Today I met with a small group of folks from SF startups and coding academies to talk about an issue we all face: increasing diversity in the engineering workplace. We came together to focus on women, but personally, I like to think of it more in terms of the ways that women are often different: they may often have alternative educational background (like the coding academies) and they may often have less confidence in their skills (possibly related to their background). Many of our engineering practices in terms of hiring and retention don't cater well to candidates with those attributes, and there's probably a lot we can do to change that.

Our goal tonight was to brainstorm experiments that we could do in our workplaces to improve diversity (across the pipeline from attracting candidates to retaining employees), try out those experiments, and document the results publicly. Ideally, if the experiments are successful, other companies will be more likely to put in the effort to implement the changes and engineering workplace practices would gradually begin to change.

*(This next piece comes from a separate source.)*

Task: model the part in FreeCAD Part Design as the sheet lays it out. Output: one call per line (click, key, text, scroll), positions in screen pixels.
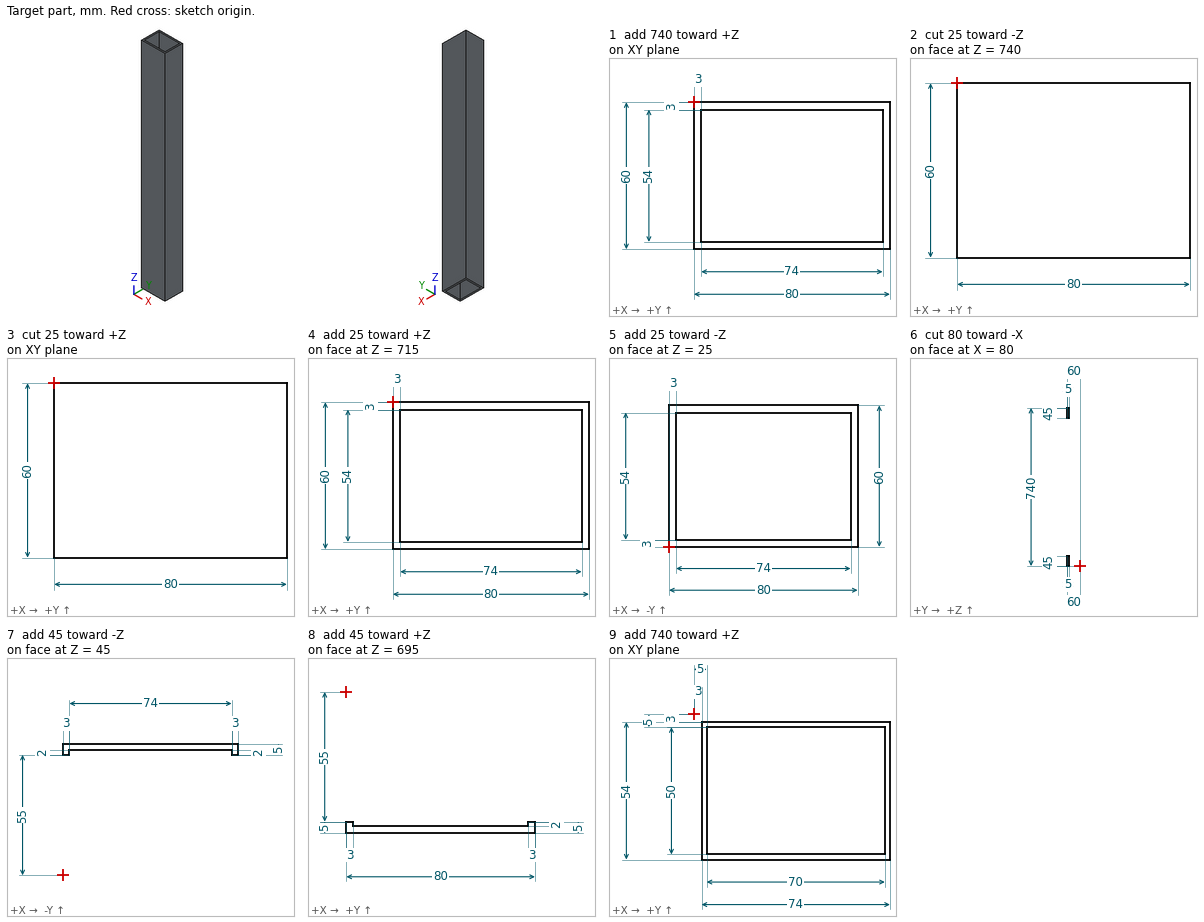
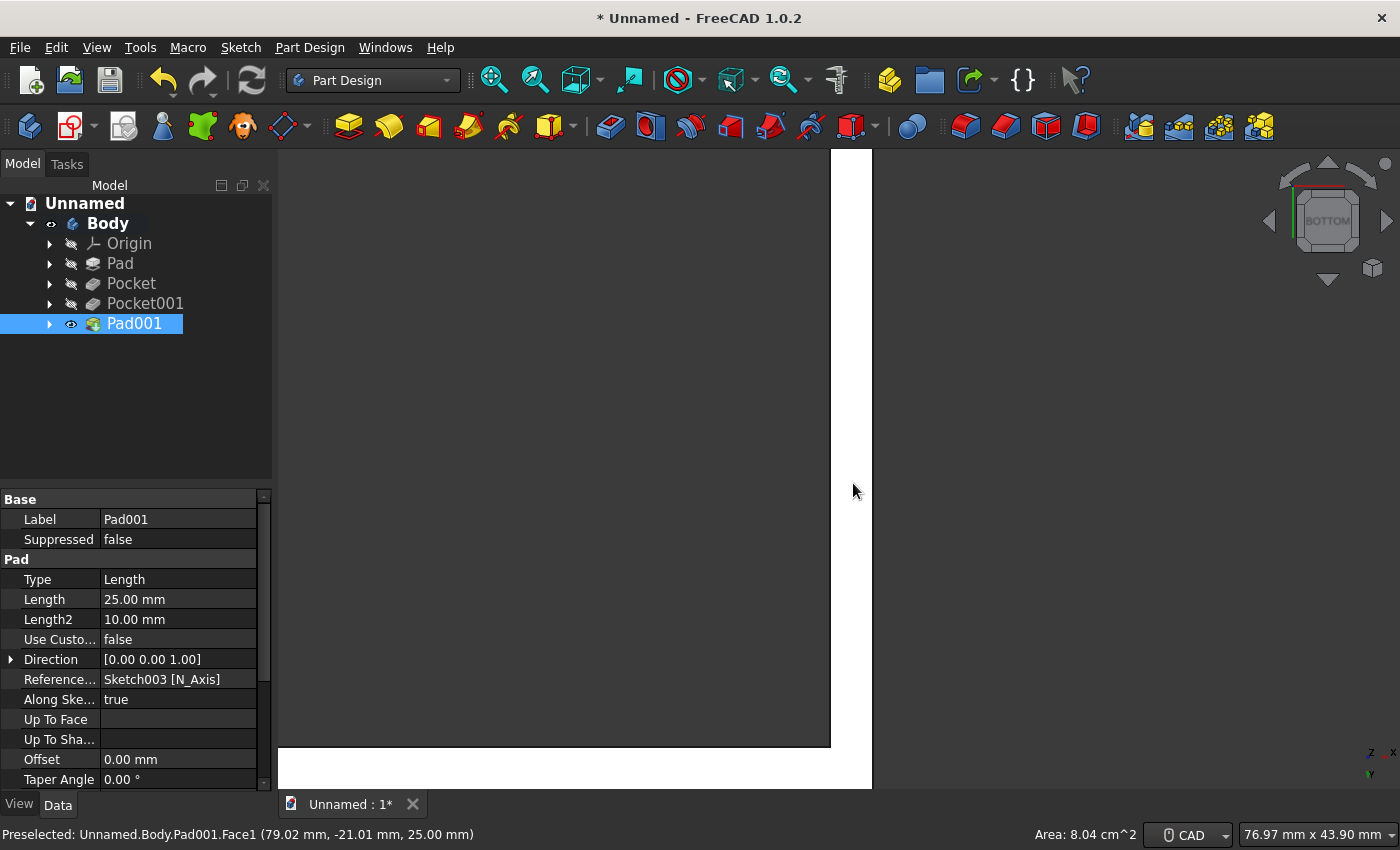
click(70, 126)

Here's what we broke the pipeline down into, and a few ideas in each area:

Attracting

Making a more gender-neutral jobs/about page, with diverse team photos.
Re-wording job descriptions to not use words like "dominant" or "mastery" and instead focus on collaboration and ability to learn on the job. (*This would need to actually be true!)
Removing CS degrees as "required" and moving it to "Nice to have.".
Hosting meetups for diverse meetup groups.
Surveying candidates at various stages of the pipeline to ask "What attracted you to the job?" and seeing if there's something that stands out as *not* attracting diverse applicants. (Like if your women engineers never answer "the job page", then something may be wrong there)

Interviewing

Sending technical worksheets out to candidates with not-as-obviously-strong resumes, giving them a chance to prove their skills before rejecting them.
Focusing less on algorithms (which are hallmarks of traditional CS education, but often not as relevant in something like frontend engineering) and more on architecture questions (which is always a practical concern).
Adding a coding exercise to the interview process that isn't on the whiteboard but is more like what they'd actually do on the job: like a full-day working inside a similar codebase, or an afternoon of pairing with a few engineers.
Making sure the interviewers themselves are diverse.

Onboarding & Retaining

Pairing new employees with a mentor that goes out of their way to help them progress and answer questions.
Having weekly one-on-ones with engineers, focusing on career growth, and even asking them questions like "Why haven't you asked for a raise yet?"
Having a dedicated group and events for a minority group (like Google's Gayglers and Women Engineers), which go out of their way to make sure they're supported.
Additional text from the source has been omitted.